There is no end to the reasons given as to why mother is the way she is and cannot change, from “But she has no friends, no one to talk to except me”; to “She can’t drive, so if it wasn’t for me and my car she wouldn’t be able to go anywhere” or even, ironically, “She had such a difficult childhood, she wasn’t looked after”. But what is forgotten is that the mothers, like all of us, have choice (and an existential responsibility to themselves): ie, they could choose, for example, to pursue activities where they could make friends; choose to leave an unhappy marriage; or learn how to drive. The mother of a good friend of mine learned to drive only a couple of years ago at the age of 90.

As I alluded to earlier, however, usually the mothers themselves are suffering from the very same lack of confidence or anxiety or depression or lack of identity that has brought their daughters to therapy. But then their choice is about whether to seek help or not; to burden their family with their unhappiness or not – and I would suggest that, as parents, they have a responsibility to step up. Show children by example how to look after yourself, manage your emotions and live a fulfilling life. Don’t put responsibility for your own happiness, your loveless marriage, your unfulfilled ambitions, your unhappy childhood or your lack of friends on to your child.
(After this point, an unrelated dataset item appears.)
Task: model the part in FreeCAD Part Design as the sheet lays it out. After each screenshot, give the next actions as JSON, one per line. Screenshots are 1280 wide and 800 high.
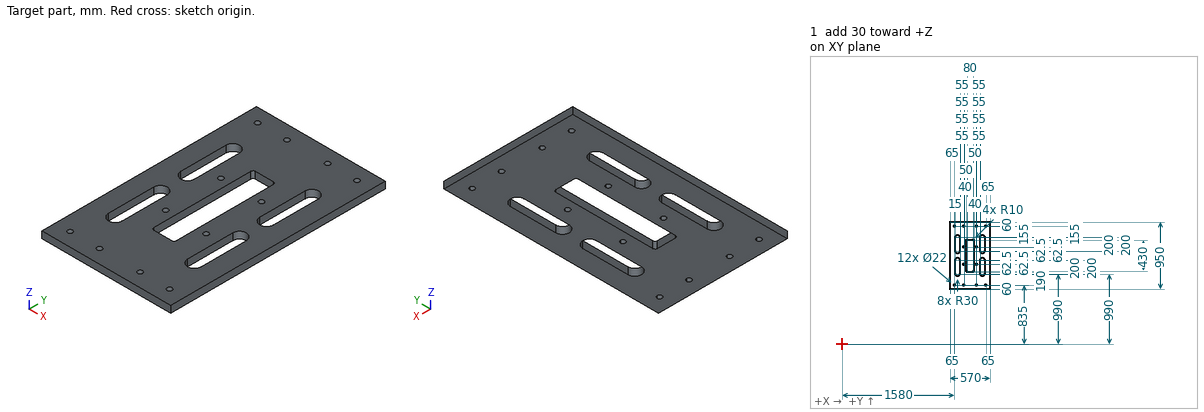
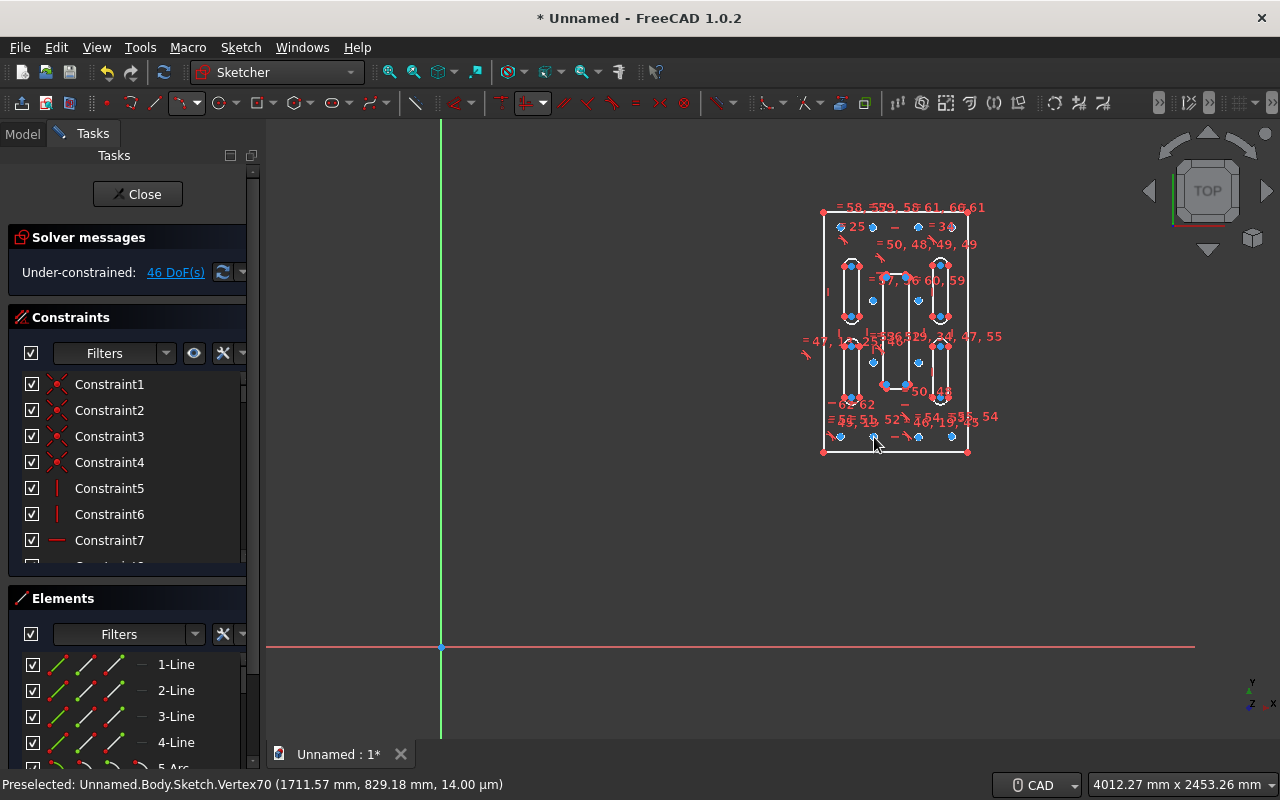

And most importantly, set your child free. As Stephen Johnson says in his fascinating exploration of personality disturbance, Character Styles, if you support your child to gradually separate from you, then you become less vital to her sense of identity; but if you don’t allow that, you ensure that your now adult child remains stuck at the emotional level of a very young child – not the ideal position from which to broach adult, autonomous life.

If this sounds like you, I appreciate this may have been uncomfortable reading. But we do need to speak about the role of parenting in mental health – instead of, as Oliver James says, passing the buck to the much more comfortable realms of psychiatric diagnoses and genetics – if we don’t want to keep raising a nation of adult children who feel unable to leave home.

Client confidentiality has been respected.